Known issue: drawing heatmap for orderflow slot hightlights and bid-ask volume labels are resource-intensive.
'''
class OrderflowPlotter:
ema_n = [20, 50, 200]
macd = [12, 26, 9]
stoch_rsi = [14, 3, 3]
def __init__(self, token: str, interval: str, increment: float, ohlcv: pd.DataFrame, mp_slice: list):
self.token = token
self.interval = interval
self.increment = increment
self.ohlcv = ohlcv
self.mp_slice = mp_slice
self.plots = {} # pyqtgraph plot objects
def update_datasrc(self, ohlcv, mp_slice):
self.ohlcv = ohlcv
self.mp_slice = mp_slice
def trim_datasrc(self, keep: int = None):
'''This part yet to be fixed: trimming dataframe like this causes error in front-end (xaxis cannot be updated)'''
if keep is not None:
print(len(self.ohlcv))
if len(self.ohlcv) > keep:
self.ohlcv = self.ohlcv.iloc[-keep:]
self.mp_slice = self.mp_slice[-keep:]
print(f'Trimmed datasource as datasource length exceeds {keep}')

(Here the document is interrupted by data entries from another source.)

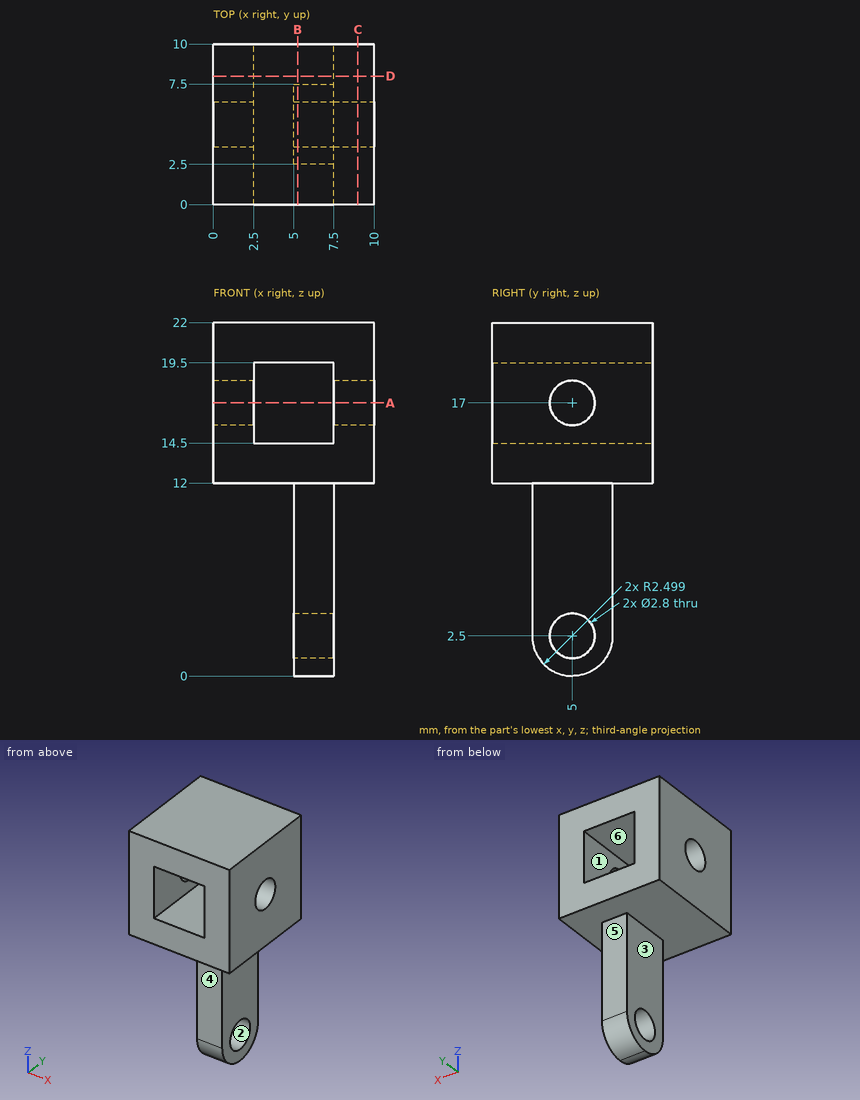
Geometry: see drawing. Coordinates: mm, zero at the bounding-box minimum. A direction names the side the tool comes from. Coordinates: 2 decimals unless noted, no trailing zeros. Loops run counter-clockwise (first coordinate to the right, second up) from the corner with the lowest first, then second, coordinate; pieces in that order, holes last.
(1) Section C-C on x = 9. Return the cut outline in (y, z).
(2) Section D-D on y = 8. Return the cut outline in (x, z).
(3) Material intervals for probe 1 along Y at (x, z) = (1.3, 17); probe 2 along Z at (x, y) = (4, 6.5); probe 3 along X at (y, z) = (5, 15.25), sorted ascending.
(4) Pull-direction query (X, two-part tool) for the marked faces 1, 2 and 3; classes: released by +X, released by -X, zero draft, split by the parting line, or undercut.
(5) Set-up query: the marked faces 4, 5 and 6. Return all of +Z, -Z, +X, -X, +Y, -Y with unobstructed straight access to the full face (end or side cutting, diameter ignored); none if empty.
(6) Section B-B on x = 5.25. Count the separate pieces of the cut face and the enclosed holes in it, then the cut area to 3 significant figures.
(7) First-contact query: pin 1 Ø3 at (x, z) = (2.5, 4) entering from -Y; pin 2 Ø1 at (y, z) = (7.5, 2.5) entering from +X; pin 3 Ø2.5 at (y, z) = (6, 3) entering from -X; pin 4 Ø1.2 at (x, z) = (6, 9) entering from +Y. Flat tips, straight axial feed; report the tip coordinate or a pass-through.
(8) Section A-A on z = 17. Return the cut outline in (x, y), then the cut area to 3 significant figures.
Data:
1. outline: (0, 12) - (10, 12) - (10, 22) - (0, 22) - close; hole circle Ø2.8 at (5, 17)
2. outline: (0, 12) - (10, 12) - (10, 22) - (0, 22) - close; hole (2.5, 14.5) - (7.5, 14.5) - (7.5, 19.5) - (2.5, 19.5) - close
3. probe 1: y = 0 to 3.6, 6.4 to 10
3. probe 2: z = 12 to 14.5, 19.5 to 22
3. probe 3: x = 0 to 2.5, 7.5 to 10
4. face 1: undercut
4. face 2: zero draft
4. face 3: released by -X
5. face 4: -Z, +X, -X, -Y
5. face 5: -Z, +X, -X, +Y
5. face 6: +Y, -Y
6. separate pieces: 2
6. enclosed holes: 1
6. area: 101 mm2
7. pin 1: passes through
7. pin 2: stops at x = 7.5
7. pin 3: stops at x = 5
7. pin 4: stops at y = 7.5
8. outline: (0, 0) - (2.5, 0) - (2.5, 3.6) - (0, 3.6) - close; (0, 6.4) - (2.5, 6.4) - (2.5, 10) - (0, 10) - close; (7.5, 0) - (10, 0) - (10, 3.6) - (7.5, 3.6) - close; (7.5, 6.4) - (10, 6.4) - (10, 10) - (7.5, 10) - close
8. area: 36.0 mm2
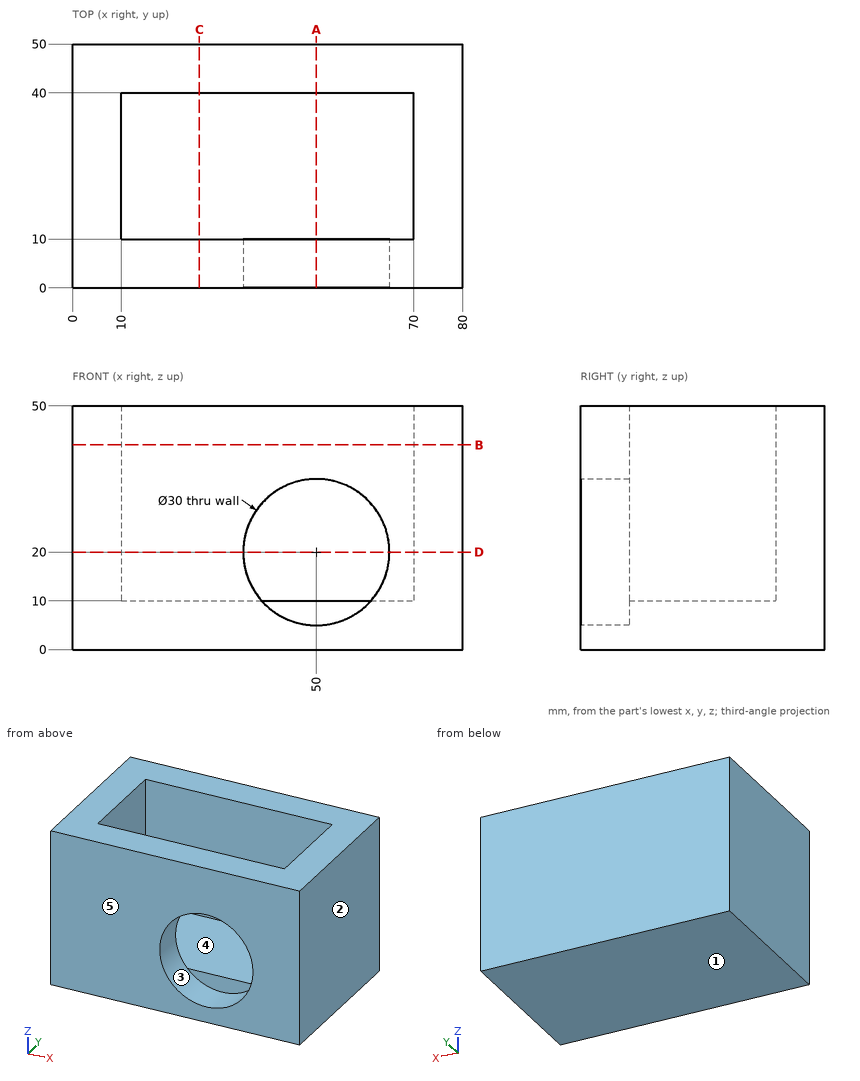
Can you work these out from the drawing? Everything is in mm from the part's minimum corner. A direction names the side the tool comes from. Give positions to 0.01 mm unless a question says otherwise; leave off trailing zeros. Order: outer loops, then holes, each group sorted by start corner. A loop starts at its lowest first (then second) coordinate and runs counter-clockwise, first axis right, second up.
Item 1: If we section it at A-A, the plane x = 50: Write out the boundary of the cut face in (y, z), plus the area to 3 significant figures.
Item 2: If we mould it in two halves opening along X, with no side actions, what happens to the marked faces 1, 2 and 3? For each: pulls with the +X half, pulls with the -X half, needs draft (parallel to the pull), parting line crosses it, or undercut.
Item 3: I'm going to push flat-ended pins straight in: pin 1 (3 mm diameter, centred on x = 47.5, y = 28, fed in from -Z); pin 2 (4 mm diameter, centred on x = 28.5, y = 25.5, fed in from +Z); pin 3 (1.5 mm diameter, centred on x = 51.5, z = 7, fed in from -Y). Where does each tip first touch, or does it pass through?
Item 4: For the marked faces 4 and 5, which set-ups out of +Z, -Z, +X, -X, +Y, -Y let a thin tool reach every point of the face, with its end or its side?
Item 5: If we section it at C-C, the plane x = 26: Write out the boundary of the cut face in (y, z).
Item 6: I need wall thicknesses on line 1 (X direction, y = 33.5, z = 41); line 2 (Z direction, x = 50, y = 6); line 3 (Y direction, x = 50, z = 39). Which ranges of each line are inside material? Lowest first, please.
Item 7: If we section it at B-B, the plane z = 42: Write out the boundary of the cut face in (x, y).
Item 8: If we section it at D-D, the plane z = 20: Write out the boundary of the cut face in (x, y).
Values:
1. outline: (0, 0) - (50, 0) - (50, 50) - (40, 50) - (40, 10) - (10, 10) - (10, 5) - (0, 5) - close; (0, 35) - (10, 35) - (10, 50) - (0, 50) - close
1. area: 1,000 mm2
2. face 1: needs draft
2. face 2: pulls with the +X half
2. face 3: undercut
3. pin 1: stops at z = 0
3. pin 2: stops at z = 10
3. pin 3: stops at y = 10
4. face 4: +Z
4. face 5: +Z, -Z, +X, -X, -Y
5. outline: (0, 0) - (50, 0) - (50, 50) - (40, 50) - (40, 10) - (10, 10) - (10, 50) - (0, 50) - close
6. line 1: x = 0 to 10, 70 to 80
6. line 2: z = 0 to 5, 35 to 50
6. line 3: y = 0 to 10, 40 to 50
7. outline: (0, 0) - (80, 0) - (80, 50) - (0, 50) - close; hole (10, 10) - (70, 10) - (70, 40) - (10, 40) - close
8. outline: (0, 0) - (35, 0) - (35, 10) - (10, 10) - (10, 40) - (70, 40) - (70, 10) - (65, 10) - (65, 0) - (80, 0) - (80, 50) - (0, 50) - close

def calculate_plot_features(self):
self.ohlcv['d'] = [mp.delta_qty for mp in self.mp_slice]
self.ohlcv['poc'] = [mp.poc_price_level for mp in self.mp_slice]
for n in self.ema_n:
self.ohlcv[f'ema{n}'] = ta.EMA(self.ohlcv['c'], timeperiod=n)
self.ohlcv['macd'], self.ohlcv['macd_signal'], self.ohlcv['macd_diff'] = ta.MACD(self.ohlcv['c'], fastperiod=self.macd[0], slowperiod=self.macd[1], signalperiod=self.macd[2])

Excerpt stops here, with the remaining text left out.